The Rundown: Cubs Need Course Correction, Playoff Chances Dwindling, Hultzen Makes MLB Debut

If you feel like the Cubs’ opportunity to make this year’s playoffs is starting to fade as quickly as this summer has, you’re not alone. Yesterday’s 8-5 loss to the Brewers reduced their probability to win the division to 17.5% and their overall likelihood of making the playoffs to 63.6%. Meanwhile, up here in Milwaukee, baseball fans think the Brewers have a great chance of running the table much like they did last year.

On paper, the Brew City Bombers don’t compare with Chicago, but on the field, they’re far superior to the Cubs. That’s been the North Siders’ problem all season. One would think after sweeping the Mets in New York two weeks ago, beating the likes of Marcus Stroman, Noah Syndergaard, and Jacob deGrom in doing so, that the Cubs are good enough to beat anybody. But then they lost five of seven to a Brewers team that threw Chase Anderson, Zach Davies, and Gio González at them.

Joe Maddon said that the Cubs “expand the strike zone” against average or worse pitchers, and the way they approach González proves he’s right. But if that’s the case, he’s really saying the team is ill-prepared and lacks focus far too often. That’s at least partly attributable to a manager who seems incredibly laid back at times. And though I suppose you have to give Maddon credit for keeping his cool through what fans perceive as chaos, it sure would be nice to see a little fire, and maybe a little consistency.

Other than Steve Cishek and Craig Kimbrel, I’d bet if you asked any reliever on this team if he has a specific role, he couldn’t answer you. Even Derek Holland, who is supposed to be a lefty specialist only, isn’t always deployed as such. The same is true with the lineup, where almost everybody has been used as a leadoff hitter and players are frequently moved up and down in the order depending on Maddon’s whims and premonitions. It all adds up to one hot mess.

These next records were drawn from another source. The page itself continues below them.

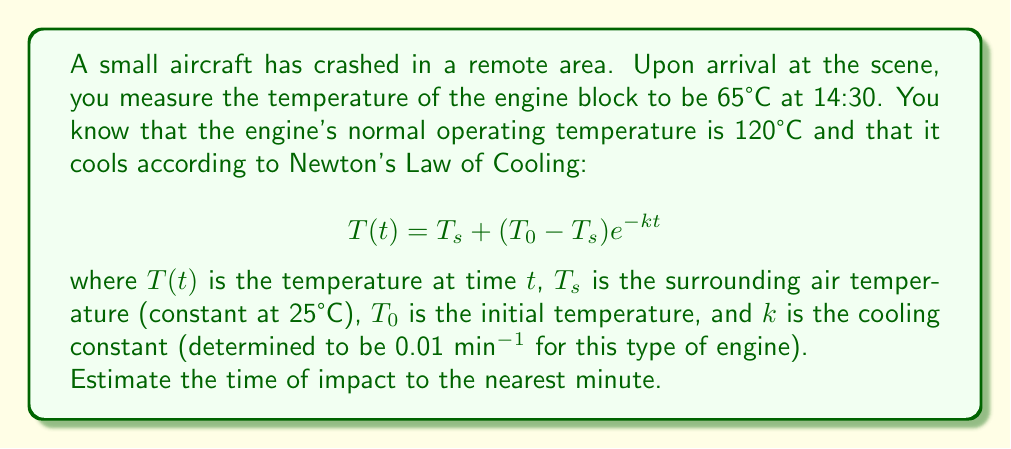Show me your answer to this math problem. To solve this problem, we need to use Newton's Law of Cooling and work backwards to find the time elapsed since the crash. Let's approach this step-by-step:

1) We are given:
   $T(t) = 65°C$ (current temperature at 14:30)
   $T_s = 25°C$ (surrounding temperature)
   $T_0 = 120°C$ (initial temperature)
   $k = 0.01$ min^(-1) (cooling constant)

2) Substituting these values into the equation:

   $$65 = 25 + (120 - 25)e^{-0.01t}$$

3) Simplify:
   $$65 = 25 + 95e^{-0.01t}$$

4) Subtract 25 from both sides:
   $$40 = 95e^{-0.01t}$$

5) Divide both sides by 95:
   $$\frac{40}{95} = e^{-0.01t}$$

6) Take the natural log of both sides:
   $$\ln(\frac{40}{95}) = -0.01t$$

7) Divide both sides by -0.01:
   $$\frac{\ln(\frac{40}{95})}{-0.01} = t$$

8) Calculate:
   $$t \approx 86.85 \text{ minutes}$$

9) Round to the nearest minute:
   $$t \approx 87 \text{ minutes}$$

10) Convert 87 minutes to hours and minutes:
    87 minutes = 1 hour and 27 minutes

11) Subtract this from the time of measurement (14:30):
    14:30 - 1:27 = 13:03

Therefore, the estimated time of impact is 13:03.
Answer: 13:03 
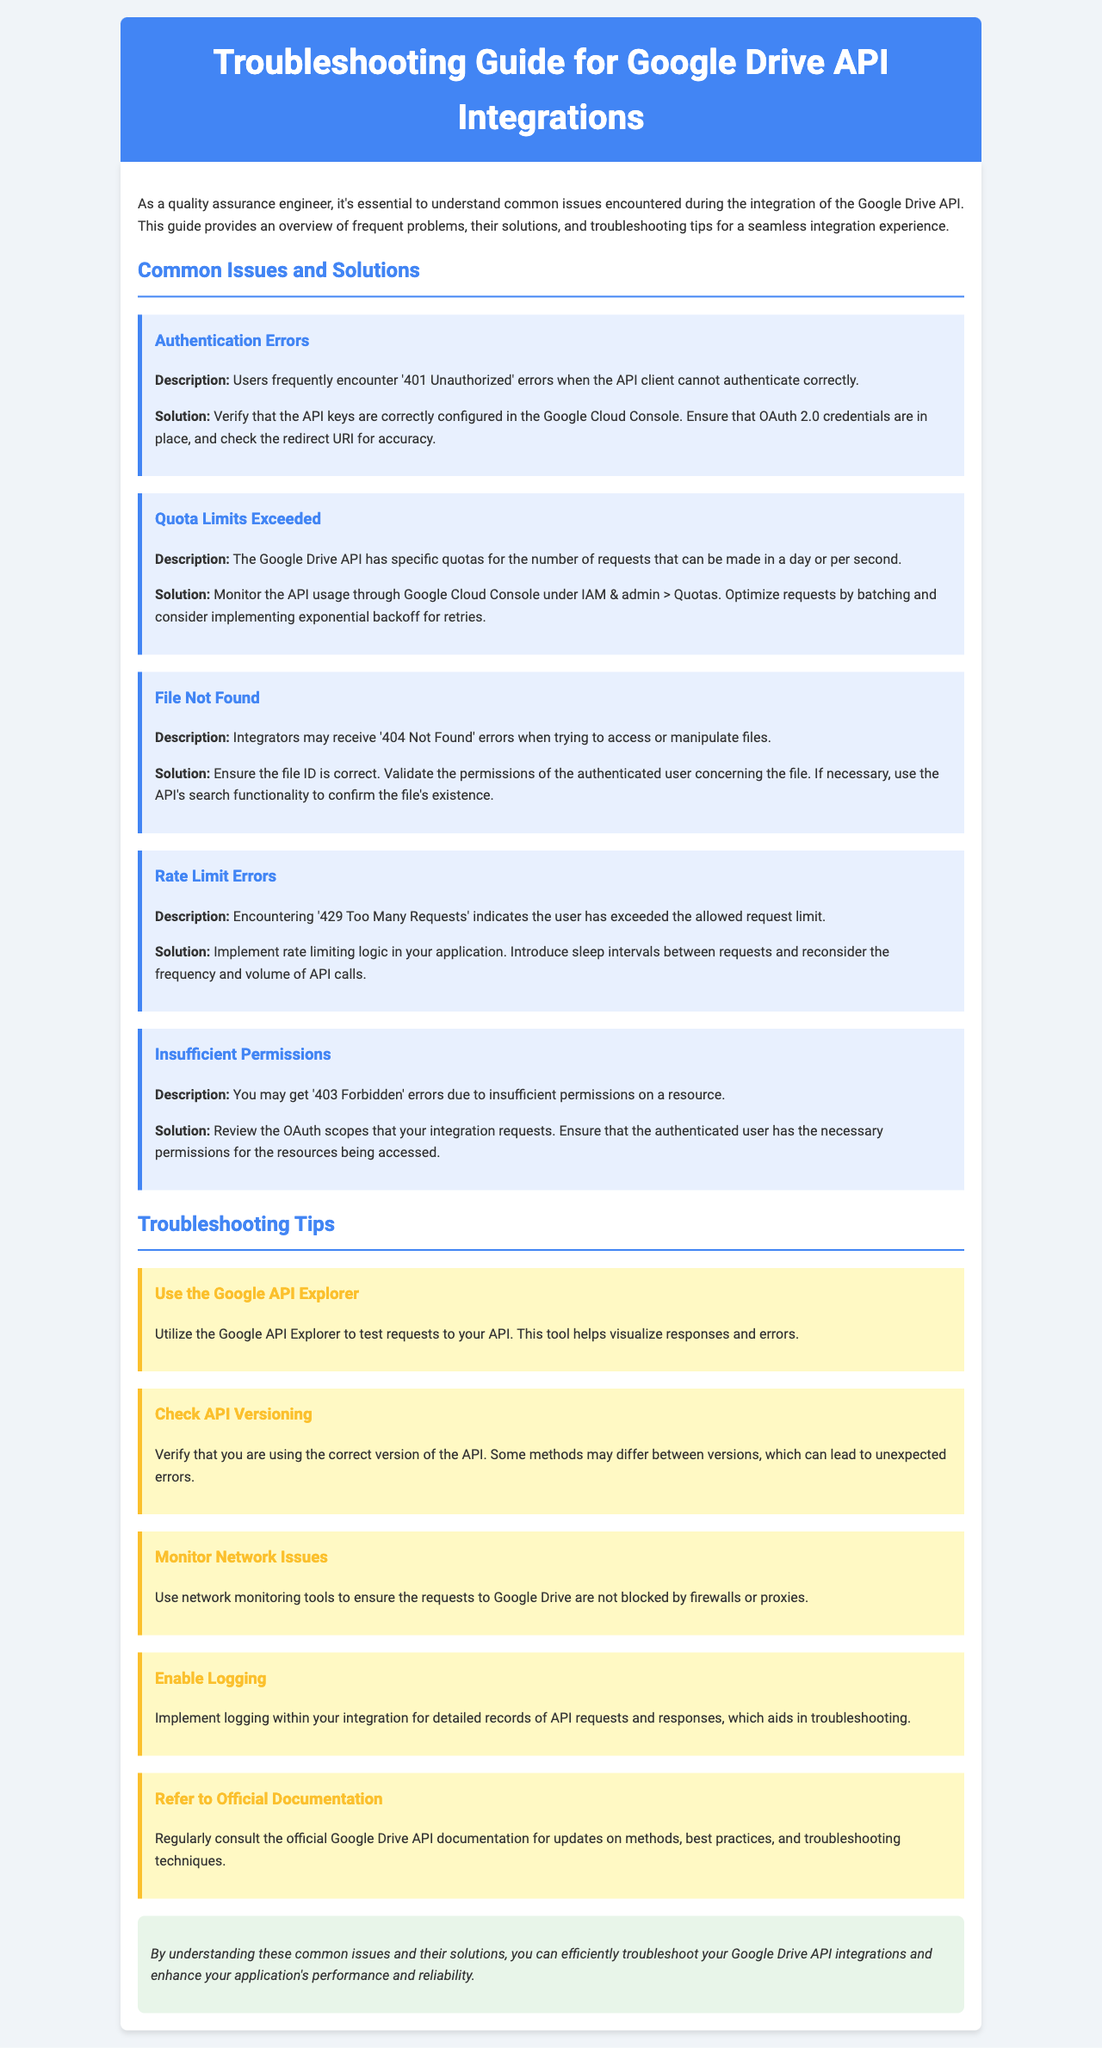What is the title of the guide? The title of the guide is displayed prominently at the top of the document, indicating its focus on troubleshooting.
Answer: Troubleshooting Guide for Google Drive API Integrations What is a common cause of '401 Unauthorized' errors? The document mentions common issues and their solutions, stating that this error is often due to authentication failures.
Answer: Incorrect API keys What should you monitor to avoid exceeding quotas? The document refers to a specific section in the Google Cloud Console dedicated to API usage.
Answer: API usage What does a '429 Too Many Requests' error indicate? This error message is explained in the context of request limitations within the Google Drive API.
Answer: Exceeded request limit Which tool can help test requests to the API? The document suggests a specific tool that allows users to visualize responses to API requests.
Answer: Google API Explorer What specific implementation is suggested to handle rate limit errors? The document advises introducing a certain practice to help manage request frequency.
Answer: Sleep intervals What documentation should be reviewed for best practices? The document specifically mentions a type of resource essential for keeping updated on API techniques.
Answer: Official Google Drive API documentation What error is indicated by '403 Forbidden'? This error reflects issues related to permissions, as described in the solutions section of the document.
Answer: Insufficient permissions How should files be validated if a '404 Not Found' error occurs? The document provides a solution for confirming file existence, which involves a specific API functionality.
Answer: Use the API's search functionality

Is replacing Maddon the answer? I don’t know for sure, but I think so. The Cubs have little fight right now, and if they don’t find the urgency these last three weeks that Theo Epstein promised us going all the way back to last October, then I imagine we’ll truly see a reckoning this winter.

Cubs News & Notes

How About That!

The Red Sox, like the Cubs, have vastly underachieved this season. Shortly after midnight this morning, Boston’s ownership group revealed that they’ve parted ways with president of baseball operations Dave Dombrowski. A formal announcement on Dombrowski’s departure will come today.

Astros starter Gerrit Cole joined Hall of Famer Pedro Martínez (1999) as the only pitchers in MLB history to strike out 14 or more batters in three consecutive games. Cole fanned 15 in Houston’s 21-1 win over the Mariners yesterday.

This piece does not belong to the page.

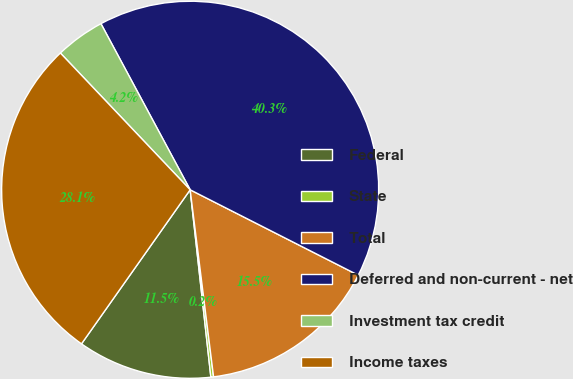<chart> <loc_0><loc_0><loc_500><loc_500><pie_chart><fcel>Federal<fcel>State<fcel>Total<fcel>Deferred and non-current - net<fcel>Investment tax credit<fcel>Income taxes<nl><fcel>11.53%<fcel>0.23%<fcel>15.54%<fcel>40.33%<fcel>4.24%<fcel>28.14%<nl></chart> 
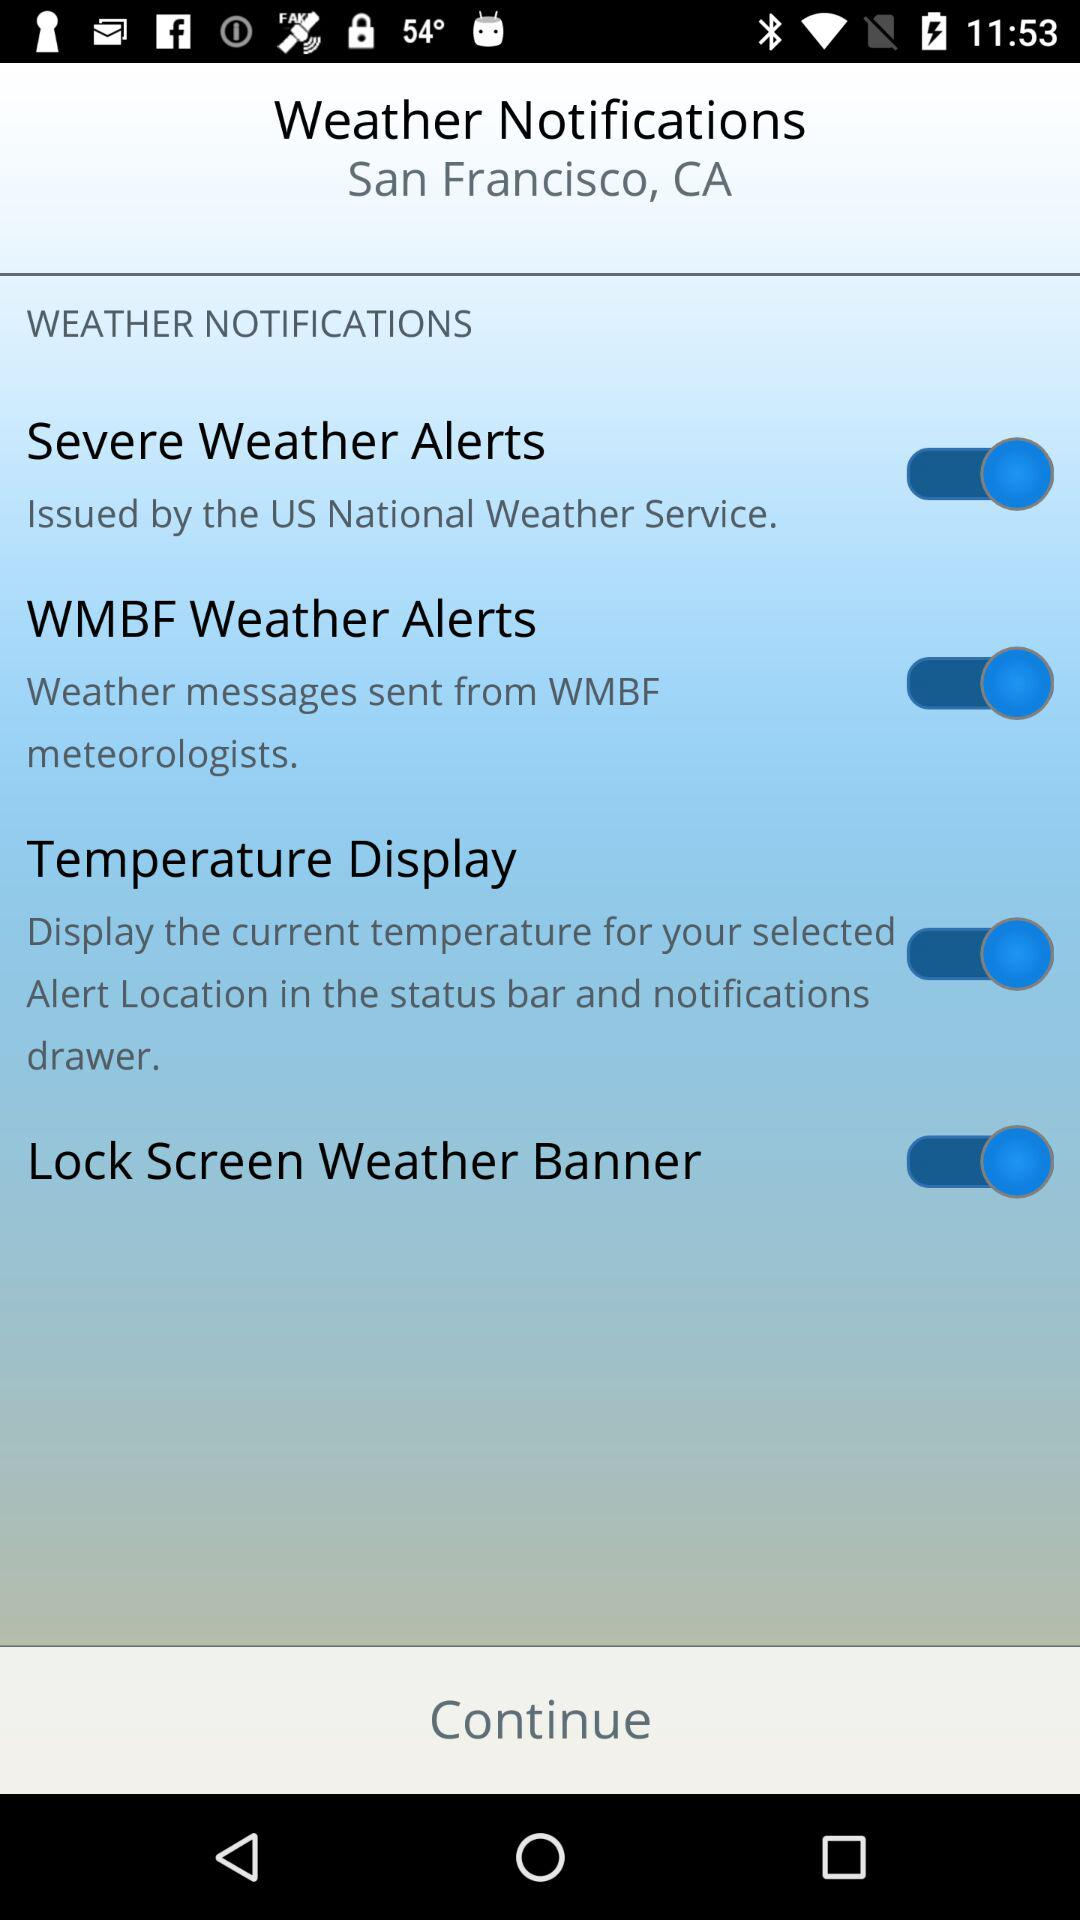What is the location? The location is San Francisco, CA.

White Sox shortstop Tim Anderson has gotten some attention the last couple of days as he emerged with enough plate appearances to qualify for the AL batting title. He’s in a concurrent chase: The record for fewest walks by a batting champion is 16, set by Zack Wheat in 1918. Anderson has 11.

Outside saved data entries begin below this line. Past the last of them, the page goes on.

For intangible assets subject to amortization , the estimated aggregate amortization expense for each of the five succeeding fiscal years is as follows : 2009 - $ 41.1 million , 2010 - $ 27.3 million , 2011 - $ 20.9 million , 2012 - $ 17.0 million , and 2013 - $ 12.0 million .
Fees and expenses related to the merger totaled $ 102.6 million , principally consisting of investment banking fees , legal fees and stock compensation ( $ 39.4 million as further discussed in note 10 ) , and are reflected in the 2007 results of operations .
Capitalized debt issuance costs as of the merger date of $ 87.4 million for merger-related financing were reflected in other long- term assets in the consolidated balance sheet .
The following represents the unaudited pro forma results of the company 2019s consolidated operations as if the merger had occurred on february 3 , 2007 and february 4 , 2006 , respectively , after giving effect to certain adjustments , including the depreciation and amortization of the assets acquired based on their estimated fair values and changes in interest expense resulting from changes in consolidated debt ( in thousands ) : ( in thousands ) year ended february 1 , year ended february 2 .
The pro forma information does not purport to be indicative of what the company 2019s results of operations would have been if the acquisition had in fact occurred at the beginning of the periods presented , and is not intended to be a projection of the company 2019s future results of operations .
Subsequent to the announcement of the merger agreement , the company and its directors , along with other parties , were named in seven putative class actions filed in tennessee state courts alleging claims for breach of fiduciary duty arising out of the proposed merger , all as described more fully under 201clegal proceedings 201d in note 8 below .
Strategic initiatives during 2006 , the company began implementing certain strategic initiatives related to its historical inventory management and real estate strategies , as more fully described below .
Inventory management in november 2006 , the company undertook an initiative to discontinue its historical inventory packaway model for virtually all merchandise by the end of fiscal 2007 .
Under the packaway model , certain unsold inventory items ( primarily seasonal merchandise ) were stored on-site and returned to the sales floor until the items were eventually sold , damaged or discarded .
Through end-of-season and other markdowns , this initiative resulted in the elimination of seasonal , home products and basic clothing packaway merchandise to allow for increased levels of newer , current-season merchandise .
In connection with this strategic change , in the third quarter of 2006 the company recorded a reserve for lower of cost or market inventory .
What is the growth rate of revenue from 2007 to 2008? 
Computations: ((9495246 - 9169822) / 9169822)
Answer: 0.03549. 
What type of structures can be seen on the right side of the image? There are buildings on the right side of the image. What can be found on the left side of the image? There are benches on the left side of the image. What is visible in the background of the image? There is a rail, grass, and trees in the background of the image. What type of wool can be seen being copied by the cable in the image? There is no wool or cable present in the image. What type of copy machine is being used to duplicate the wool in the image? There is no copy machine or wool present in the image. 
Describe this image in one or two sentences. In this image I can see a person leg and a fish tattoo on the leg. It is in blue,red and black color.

Rangers starter Mike Minor has quietly accumulated a 7.6 WAR this season.

The Dodgers’ magic number to win the NL West is now down to two after Los Angeles beat the Giants 5-0 yesterday.

Sunday’s Three Stars

  1. Gerrit Cole – The free-agent-to-be celebrated his 29th birthday with 15 punchouts in eight innings, making Seattle batters look absolutely helpless in the process. Cole exited the game with the Astros up by 20 runs on the Mariners.
  2. Yordan Álvarez – The rookie outfielder had a big day as well, plating six runs thanks to three doubles. Alvarez has to be considered the favorite to win the AL Rookie of the Year Award. He’s now slashing .314/.409/1.064 with 22 home runs and 70 RBI in just 70 games for Houston.
  3. Sandy Alcantara – The Marlins ace earned his second complete game shutout of the season, blanking the Royals 9-0. Alcantara had eight strikeouts and allowed just four singles and two walks.

Extra Innings

They Said It

  • “There is only one way to deal with moments like these and that’s in the moment. Anxiety lives in the future. You have to stay right here, right now. Things can change just as quickly. We can win the first 3 games in San Diego, easily, Other teams can lose. You just have to take care of yourself. I don’t see any panic in [our players] eyes. We have to pitch well. We have to be more offensive. Stay in the zone.” – Joe Maddon
  • “I got a lot of great advice from a lot of these guys. Not fighting the adrenaline. But this is life, what you’ve worked for. Just embrace it.” – Danny Hultzen

Monday Walk Up Song

Ventura Highway by America. Tell me, how long you gonna stay here Joe? A little Yacht Rock for the trip to San Diego.